Literatura

“Ojos de luna” (concurso de relatos breves San Valentín 2014)

Fue un segundo. Tal vez a la vista de cualquiera que anduviera por su alrededor fue tan solo un segundo efímero, con prisa. Pero para él no. Fue tan intenso y grande que abarcó en su cabeza durante relativas horas. Jamás había visto esa mirada, ni a la chica que la lucía disimuladamente entrecortada.
Estaba sentado en el parque como de costumbre esperando a que dieran las cuatro. Siempre esperaba en el mismo lugar, al lado de un chopo de tronco recio, dorado por la luz del otoño. Siempre hasta las cuatro. Solía apoyar la cabeza en sus manos, con los codos hincados en las piernas. Miraba hacia el suelo. Desde pequeño había pensado que cuanto más mirabas al suelo más posibilidades había de encontrar algo. Era una pequeña manía unida al brillo de la ilusión infantil que aun persistía en él. Esa ilusión de encontrar algo por sorpresa que no andabas buscando. Pues se le desbarataron aquellas ideas sobre lo enigmático que podía llegar a ser el suelo en una casualidad.

Levantó la cabeza, sin saber muy bien por qué razón, como un acto involuntario, y ella pasó fragante. Iba vestida con un jersey azul y unos vaqueros, desaliñada pero perfecta. La chica giró la cabeza apartándose el pelo de la cara y le miró. Sin querer. No retuvo la mirada mucho tiempo, solo el suficiente para que él pudiera ver su color y asomarse un poquito a ella entera.

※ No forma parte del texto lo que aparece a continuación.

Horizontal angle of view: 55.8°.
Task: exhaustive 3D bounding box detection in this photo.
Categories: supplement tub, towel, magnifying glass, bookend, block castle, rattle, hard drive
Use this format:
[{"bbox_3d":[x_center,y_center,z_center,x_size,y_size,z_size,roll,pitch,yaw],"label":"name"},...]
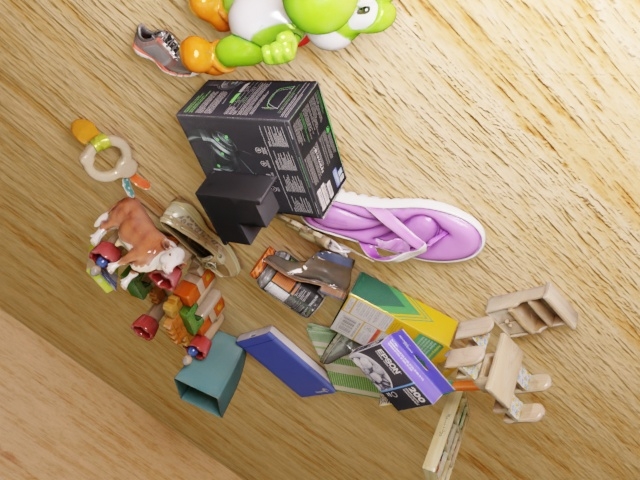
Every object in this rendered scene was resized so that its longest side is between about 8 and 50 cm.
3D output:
[{"bbox_3d":[-0.081,0.105,1.566,0.190,0.117,0.117,36,144,-7],"label":"supplement tub"},{"bbox_3d":[0.108,0.374,1.832,0.248,0.038,0.324,4,135,30],"label":"towel"},{"bbox_3d":[0.322,0.373,1.552,0.231,0.026,0.092,-12,134,40],"label":"magnifying glass"},{"bbox_3d":[-0.147,-0.058,1.230,0.157,0.072,0.156,8,141,28],"label":"bookend"},{"bbox_3d":[-0.493,0.178,1.862,0.303,0.212,0.453,15,142,20],"label":"block castle"},{"bbox_3d":[-0.543,-0.207,1.557,0.143,0.130,0.200,20,171,32],"label":"rattle"},{"bbox_3d":[-0.110,0.410,2.021,0.319,0.040,0.210,44,142,-18],"label":"hard drive"}]

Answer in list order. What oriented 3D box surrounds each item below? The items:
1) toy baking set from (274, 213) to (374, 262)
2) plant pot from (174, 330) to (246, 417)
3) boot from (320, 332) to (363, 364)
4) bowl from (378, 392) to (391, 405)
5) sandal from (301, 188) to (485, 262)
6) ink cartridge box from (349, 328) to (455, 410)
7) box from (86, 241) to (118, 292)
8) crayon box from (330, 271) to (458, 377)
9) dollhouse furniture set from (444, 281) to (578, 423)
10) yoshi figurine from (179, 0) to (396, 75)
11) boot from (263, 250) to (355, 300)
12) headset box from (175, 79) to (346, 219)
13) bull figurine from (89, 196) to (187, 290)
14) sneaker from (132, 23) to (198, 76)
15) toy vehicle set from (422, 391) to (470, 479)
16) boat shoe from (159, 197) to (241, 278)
[{"bbox_3d":[-0.001,-0.001,1.372,0.256,0.030,0.197,27,-179,1],"label":"toy baking set"},{"bbox_3d":[-0.354,0.442,2.065,0.166,0.234,0.165,21,144,14],"label":"plant pot"},{"bbox_3d":[0.119,0.334,1.683,0.209,0.076,0.189,33,129,2],"label":"boot"},{"bbox_3d":[0.238,0.413,1.724,0.170,0.080,0.170,-12,168,-3],"label":"bowl"},{"bbox_3d":[0.135,-0.011,1.285,0.417,0.102,0.169,11,141,24],"label":"sandal"},{"bbox_3d":[0.202,0.335,1.534,0.206,0.045,0.208,49,141,-4],"label":"ink cartridge box"},{"bbox_3d":[-0.700,0.088,1.947,0.042,0.178,0.109,-30,124,3],"label":"box"},{"bbox_3d":[0.204,0.228,1.545,0.323,0.083,0.203,28,144,4],"label":"crayon box"},{"bbox_3d":[0.414,0.224,1.255,0.212,0.242,0.161,44,142,-19],"label":"dollhouse furniture set"},{"bbox_3d":[-0.068,-0.361,0.934,0.362,0.203,0.203,1,129,30],"label":"yoshi figurine"},{"bbox_3d":[-0.023,0.056,1.472,0.219,0.106,0.082,24,178,-2],"label":"boot"},{"bbox_3d":[-0.122,-0.187,1.228,0.283,0.131,0.246,8,139,28],"label":"headset box"},{"bbox_3d":[-0.494,0.013,1.628,0.310,0.188,0.101,49,169,31],"label":"bull figurine"},{"bbox_3d":[-0.302,-0.376,1.190,0.158,0.061,0.064,25,138,6],"label":"sneaker"},{"bbox_3d":[0.353,0.551,1.674,0.035,0.266,0.166,9,140,29],"label":"toy vehicle set"},{"bbox_3d":[-0.330,0.015,1.653,0.105,0.089,0.285,-11,128,43],"label":"boat shoe"}]
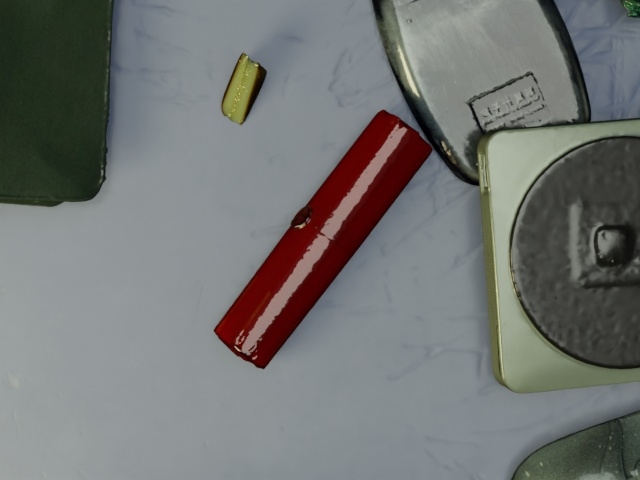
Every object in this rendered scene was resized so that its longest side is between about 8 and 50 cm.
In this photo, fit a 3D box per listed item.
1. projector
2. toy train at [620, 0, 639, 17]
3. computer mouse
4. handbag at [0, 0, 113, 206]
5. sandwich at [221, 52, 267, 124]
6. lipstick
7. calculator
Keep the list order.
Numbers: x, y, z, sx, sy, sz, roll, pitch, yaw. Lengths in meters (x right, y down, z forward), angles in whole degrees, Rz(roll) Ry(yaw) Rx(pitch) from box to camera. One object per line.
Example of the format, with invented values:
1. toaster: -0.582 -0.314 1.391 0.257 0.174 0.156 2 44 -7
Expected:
1. projector: 0.290 0.010 1.810 0.259 0.079 0.257 -5 95 -6
2. toy train: 0.280 -0.285 1.810 0.172 0.070 0.099 16 51 -5
3. computer mouse: 0.300 0.231 1.819 0.229 0.068 0.113 -18 92 -3
4. handbag: -0.323 -0.159 1.726 0.260 0.079 0.247 3 91 -32
5. sandwich: -0.072 -0.158 1.813 0.031 0.044 0.083 27 131 1
6. lipstick: 0.001 0.001 1.801 0.073 0.073 0.280 37 87 -3
7. calculator: 0.162 -0.183 1.830 0.177 0.040 0.268 -26 96 -1
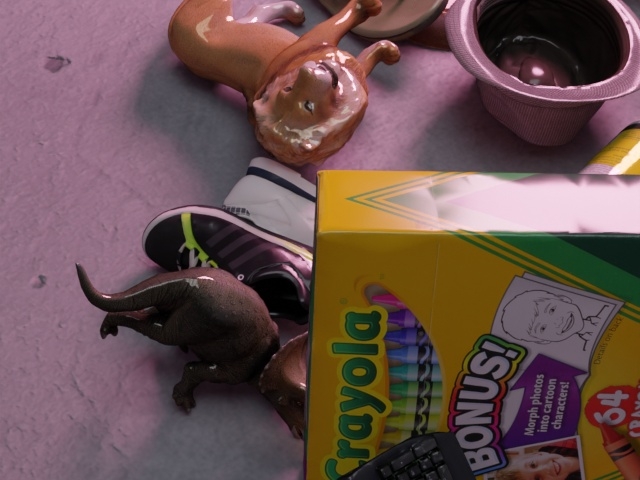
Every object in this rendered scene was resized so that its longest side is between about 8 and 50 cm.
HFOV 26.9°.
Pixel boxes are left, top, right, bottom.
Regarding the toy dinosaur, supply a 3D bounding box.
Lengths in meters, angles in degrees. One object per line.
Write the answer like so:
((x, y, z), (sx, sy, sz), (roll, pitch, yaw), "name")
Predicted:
((-0.111, 0.080, 1.326), (0.160, 0.313, 0.121), (-24, 36, 25), "toy dinosaur")

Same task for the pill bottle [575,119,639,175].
((0.324, -0.032, 1.480), (0.119, 0.119, 0.208), (37, 61, 22), "pill bottle")

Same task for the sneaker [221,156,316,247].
((0.000, 0.000, 1.474), (0.235, 0.090, 0.094), (27, 71, 19), "sneaker")

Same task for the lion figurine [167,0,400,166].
((-0.070, -0.220, 1.588), (0.240, 0.142, 0.392), (-42, 44, -23), "lion figurine")

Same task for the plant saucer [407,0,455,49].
((0.166, -0.331, 1.739), (0.199, 0.036, 0.198), (1, 53, -2), "plant saucer")

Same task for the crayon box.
((0.144, 0.112, 1.212), (0.313, 0.362, 0.106), (0, 37, -3), "crayon box")

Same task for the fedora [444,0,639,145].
((0.265, -0.206, 1.598), (0.244, 0.124, 0.275), (-7, 46, -10), "fedora")

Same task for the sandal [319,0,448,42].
((0.029, -0.351, 1.696), (0.303, 0.086, 0.120), (38, 84, 26), "sandal")

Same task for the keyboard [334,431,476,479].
((0.095, 0.338, 1.153), (0.202, 0.033, 0.317), (-26, 94, -21), "keyboard")

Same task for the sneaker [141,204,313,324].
((-0.091, 0.030, 1.413), (0.235, 0.084, 0.097), (14, 33, 15), "sneaker")
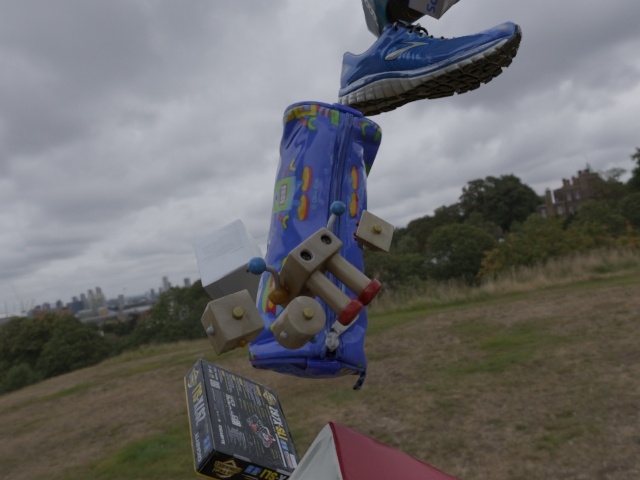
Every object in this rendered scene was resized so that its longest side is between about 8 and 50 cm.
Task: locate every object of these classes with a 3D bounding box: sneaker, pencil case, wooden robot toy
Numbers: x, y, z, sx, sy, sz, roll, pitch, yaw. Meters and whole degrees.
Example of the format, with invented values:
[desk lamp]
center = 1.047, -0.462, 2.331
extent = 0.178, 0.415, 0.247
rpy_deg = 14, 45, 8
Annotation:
[sneaker]
center = 0.169, -0.321, 0.833
extent = 0.330, 0.147, 0.130
rpy_deg = -5, 0, 31
[pencil case]
center = 0.000, 0.000, 0.527
extent = 0.119, 0.306, 0.133
rpy_deg = 11, -15, -22
[wooden robot toy]
center = -0.012, 0.040, 0.363
extent = 0.173, 0.076, 0.079
rpy_deg = -37, -10, -40

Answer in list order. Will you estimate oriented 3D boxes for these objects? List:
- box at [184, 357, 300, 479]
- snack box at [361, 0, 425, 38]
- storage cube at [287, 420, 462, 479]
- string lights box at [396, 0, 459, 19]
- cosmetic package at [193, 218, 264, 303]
[box]
center = -0.191, 0.447, 1.171
extent = 0.257, 0.079, 0.322
rpy_deg = 35, 8, -29
[snack box]
center = 0.141, -0.522, 0.811
extent = 0.187, 0.060, 0.322
rpy_deg = -34, -33, -3
[storage cube]
center = 0.054, 0.323, 0.448
extent = 0.193, 0.215, 0.183
rpy_deg = 29, 9, -14
[string lights box]
center = 0.076, -0.382, 0.602
extent = 0.133, 0.259, 0.077
rpy_deg = -47, -22, -28
[cosmetic package]
center = -0.235, 0.074, 1.324
extent = 0.151, 0.184, 0.151
rpy_deg = -27, -46, 0

La siguió con sus ojos hasta que desapareció entre la gente. No agachó la cabeza los minutos siguientes. Se quedó preso, inmóvil. Sintió tanta curiosidad por a donde se dirigiría la joven. Por esa mirada que tenía dibujada, tan suave, tan parecida al cielo. Qué tendrían sus ojos que le habían atrapado en un sinfín de preguntas y alcances. Eran las cuatro y diez. Era la primera vez que no cumplía su monotonía y decidió desquebrajarla por completo. La iba a encontrar, donde fuera, hasta donde hiciera falta buscar. El recuerdo parpadeaba en su cabeza, algunas veces lo veía con toda claridad y otras era un retrato del todo confuso. Tenía que apresurarse a encontrarla. Entró a todos los bares, preguntó a cada camarero y nadie reconocía esa mirada. Cruzó todas las calleas, las plazas. Miró en cada rincón esperando encontrarse con ella. La siguió buscando hasta anochecer. A la mañana siguiente. Las semanas siguientes. Ni rastro de la joven. Así pues, falto ya de tiempo y de paciencia, denegó la búsqueda.

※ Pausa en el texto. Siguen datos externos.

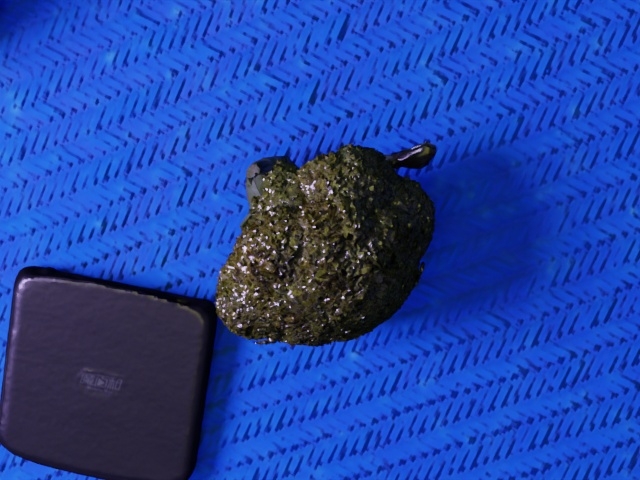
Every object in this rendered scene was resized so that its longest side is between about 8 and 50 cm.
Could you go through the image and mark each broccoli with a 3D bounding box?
[{"bbox_3d":[0.000,0.000,0.922,0.120,0.130,0.131,47,142,38],"label":"broccoli"}]

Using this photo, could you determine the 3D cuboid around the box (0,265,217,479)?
[{"bbox_3d":[-0.130,0.083,1.000,0.126,0.027,0.125,11,105,5],"label":"box"}]
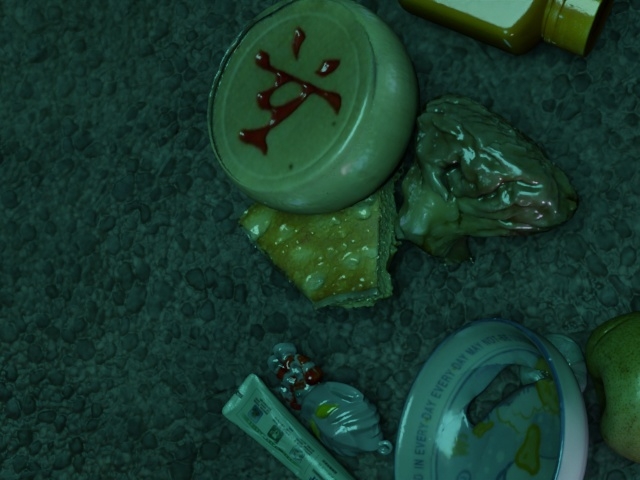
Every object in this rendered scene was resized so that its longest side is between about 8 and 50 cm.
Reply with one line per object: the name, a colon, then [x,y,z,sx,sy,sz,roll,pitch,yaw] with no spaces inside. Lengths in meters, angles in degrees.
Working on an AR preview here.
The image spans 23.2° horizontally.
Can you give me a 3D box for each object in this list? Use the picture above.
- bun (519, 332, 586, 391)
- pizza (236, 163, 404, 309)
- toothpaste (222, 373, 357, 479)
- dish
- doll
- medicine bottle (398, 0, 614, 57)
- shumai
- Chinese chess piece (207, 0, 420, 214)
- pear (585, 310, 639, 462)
bun: [0.258,0.144,1.726,0.083,0.045,0.083,-1,85,9]
pizza: [0.005,0.006,1.786,0.204,0.080,0.188,-13,61,22]
toothpaste: [-0.021,0.245,1.794,0.218,0.041,0.064,41,103,16]
dish: [0.211,0.229,1.677,0.273,0.133,0.273,-27,56,48]
doll: [0.009,0.187,1.774,0.180,0.079,0.094,40,127,19]
medicine bottle: [0.210,-0.289,1.728,0.222,0.112,0.149,24,92,14]
shumai: [0.167,-0.048,1.702,0.206,0.166,0.175,38,101,15]
Chinese chess piece: [-0.009,-0.151,1.743,0.249,0.103,0.250,-12,69,33]
pear: [0.356,0.154,1.648,0.136,0.167,0.167,-12,84,9]
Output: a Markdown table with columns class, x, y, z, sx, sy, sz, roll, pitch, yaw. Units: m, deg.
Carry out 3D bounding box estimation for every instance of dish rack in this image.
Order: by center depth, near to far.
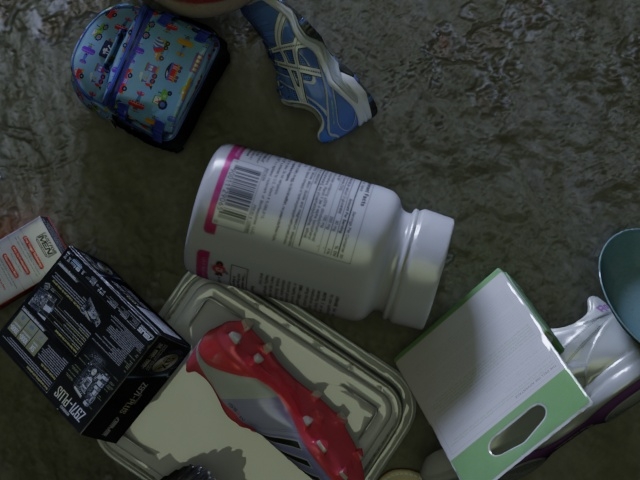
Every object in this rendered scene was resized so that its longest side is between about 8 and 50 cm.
| class | x | y | z | sx | sy | sz | roll | pitch | yaw |
| --- | --- | --- | --- | --- | --- | --- | --- | --- | --- |
| dish rack | -0.083 | 0.212 | 1.411 | 0.333 | 0.072 | 0.285 | 34 | 91 | 4 |

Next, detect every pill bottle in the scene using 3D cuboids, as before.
| class | x | y | z | sx | sy | sz | roll | pitch | yaw |
| --- | --- | --- | --- | --- | --- | --- | --- | --- | --- |
| pill bottle | 0.000 | 0.000 | 1.364 | 0.283 | 0.160 | 0.160 | 17 | 90 | 3 |

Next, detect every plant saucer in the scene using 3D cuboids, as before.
| class | x | y | z | sx | sy | sz | roll | pitch | yaw |
| --- | --- | --- | --- | --- | --- | --- | --- | --- | --- |
| plant saucer | 0.397 | 0.075 | 1.367 | 0.195 | 0.037 | 0.195 | 14 | 49 | -16 |

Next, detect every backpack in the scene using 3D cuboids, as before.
| class | x | y | z | sx | sy | sz | roll | pitch | yaw |
| --- | --- | --- | --- | --- | --- | --- | --- | --- | --- |
| backpack | -0.215 | -0.207 | 1.401 | 0.173 | 0.117 | 0.158 | 28 | 90 | 6 |

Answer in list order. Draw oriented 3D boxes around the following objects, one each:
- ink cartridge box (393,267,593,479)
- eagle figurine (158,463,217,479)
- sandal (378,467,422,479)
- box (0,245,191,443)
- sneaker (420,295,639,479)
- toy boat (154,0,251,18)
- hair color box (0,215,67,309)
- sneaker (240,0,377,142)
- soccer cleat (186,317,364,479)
| class | x | y | z | sx | sy | sz | roll | pitch | yaw |
| --- | --- | --- | --- | --- | --- | --- | --- | --- | --- |
| ink cartridge box | 0.195 | 0.162 | 1.316 | 0.171 | 0.235 | 0.056 | -42 | 130 | 11 |
| eagle figurine | -0.237 | 0.386 | 1.314 | 0.225 | 0.226 | 0.298 | 5 | 119 | -8 |
| sandal | 0.149 | 0.375 | 1.391 | 0.088 | 0.079 | 0.240 | -32 | 88 | 2 |
| box | -0.265 | 0.120 | 1.382 | 0.180 | 0.077 | 0.147 | 39 | 91 | 29 |
| sneaker | 0.240 | 0.183 | 1.393 | 0.305 | 0.114 | 0.152 | -32 | 67 | 3 |
| toy boat | -0.159 | -0.364 | 1.357 | 0.231 | 0.151 | 0.151 | 31 | 52 | 11 |
| hair color box | -0.378 | 0.036 | 1.439 | 0.141 | 0.043 | 0.072 | -30 | 88 | 3 |
| sneaker | -0.028 | -0.208 | 1.409 | 0.081 | 0.080 | 0.211 | -42 | 86 | -2 |
| soccer cleat | -0.049 | 0.199 | 1.344 | 0.095 | 0.083 | 0.248 | -40 | 92 | 31 |

Fue a esperar que se hicieran las cuatro en aquel parque de nuevo. Hacía un par de días que ya no buscaba. Se sentó, esta vez sin agachar la cabeza. Mirando hacia adelante pero sin intención de mirar a ningún sitio en concreto. Permanecía ensimismado, cuando alguien le tocó el hombro.

-Perdona, ¿esto es tuyo? –le indicó una voz dulce señalando una cartera de cuero negro.
-Sí, gracias, se me debe haber caído al sentarme.

De primeras no levantó la mirada, pero tuvo de nuevo esa sensación, ese acto involuntario, y la subió lentamente. Y sin querer, sonrió. Conocía esos ojos. Recordaba esa forma, ese color, lo que decían. Se quedaron mirándose.